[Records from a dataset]
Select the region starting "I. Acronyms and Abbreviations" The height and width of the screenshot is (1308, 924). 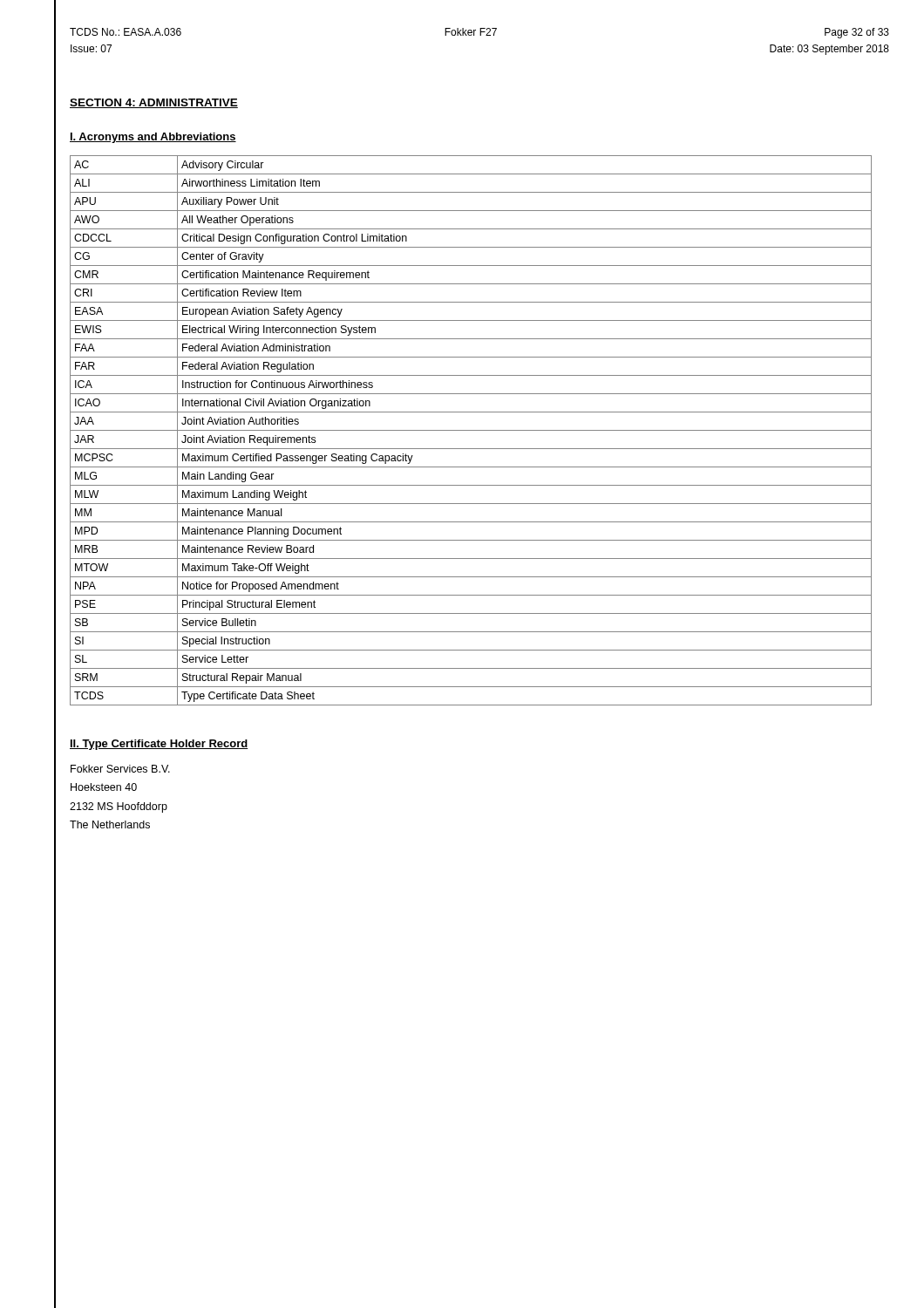(x=153, y=136)
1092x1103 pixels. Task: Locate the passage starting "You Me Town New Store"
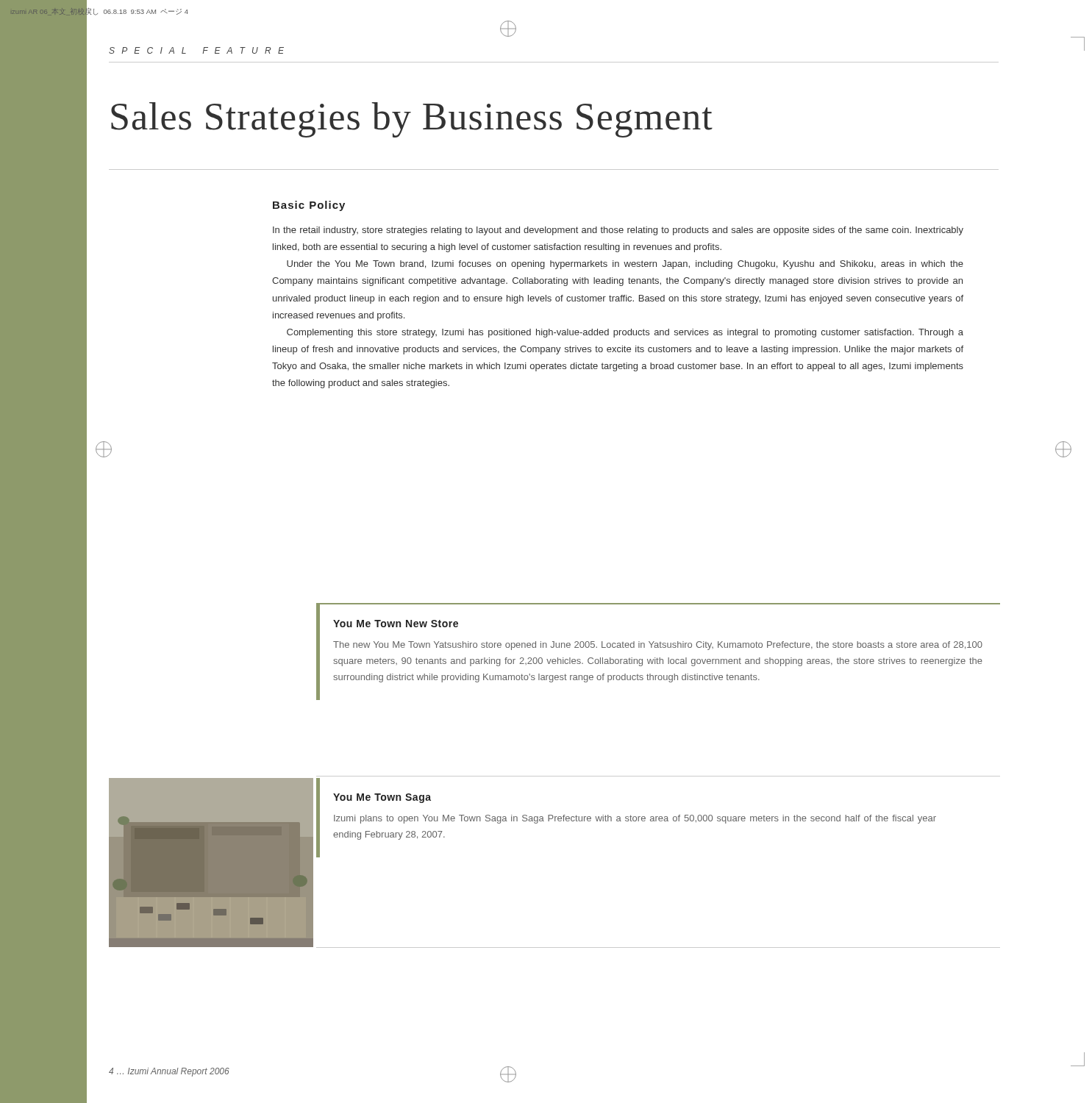tap(396, 624)
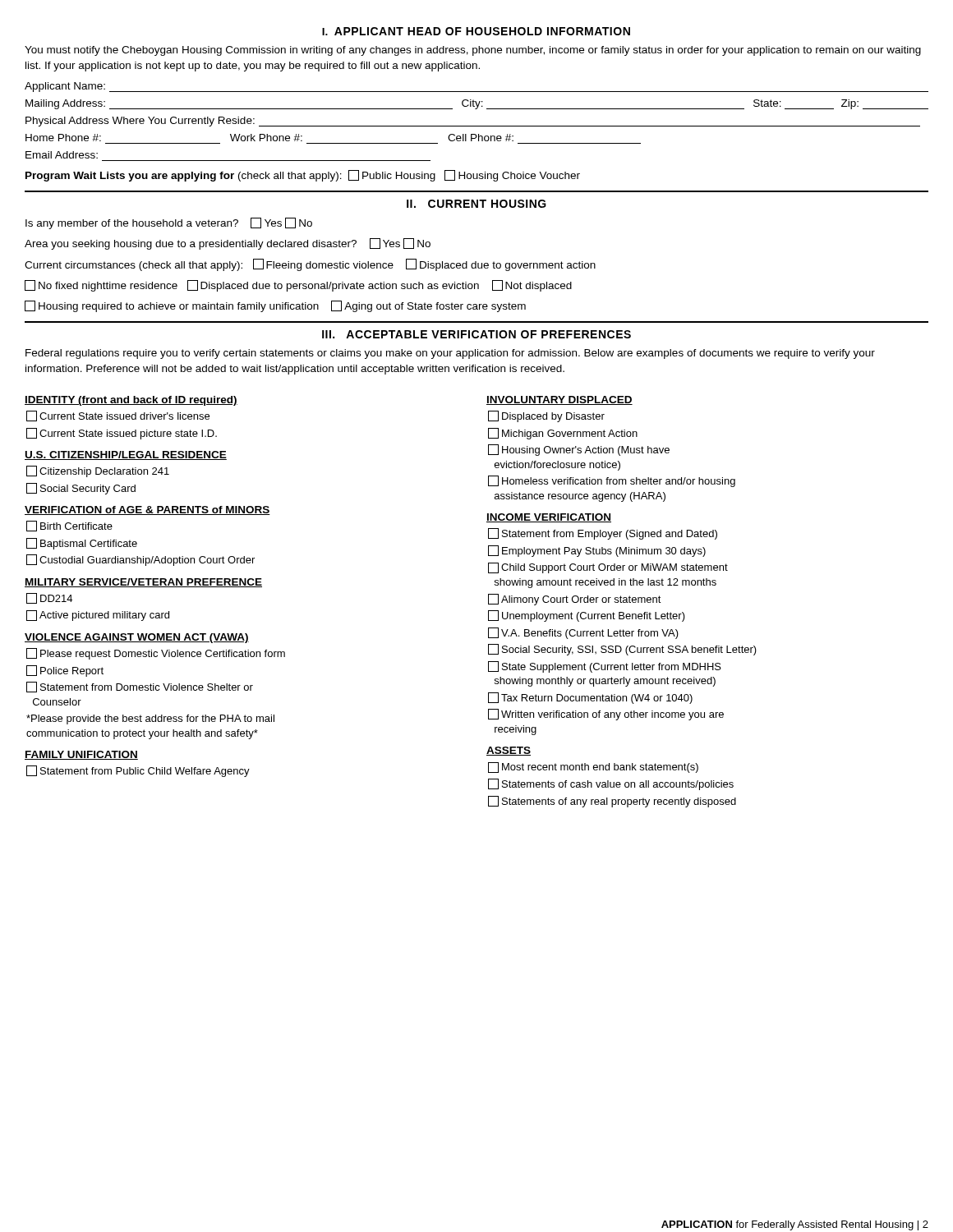
Task: Point to the block beginning "ASSETS Most recent month end"
Action: (707, 776)

**Problem details:** Each line from the one containing "1092x1103 pixels. Task: Locate" to the final line of the data must be printed exactly, both included, with nothing else and no pictures.

**Reply to the task:**
1092x1103 pixels. Task: Locate the passage starting "You Me Town New Store"
tap(396, 624)
Task: Point to the block beginning "ASSETS Most recent month end"
Action: (707, 776)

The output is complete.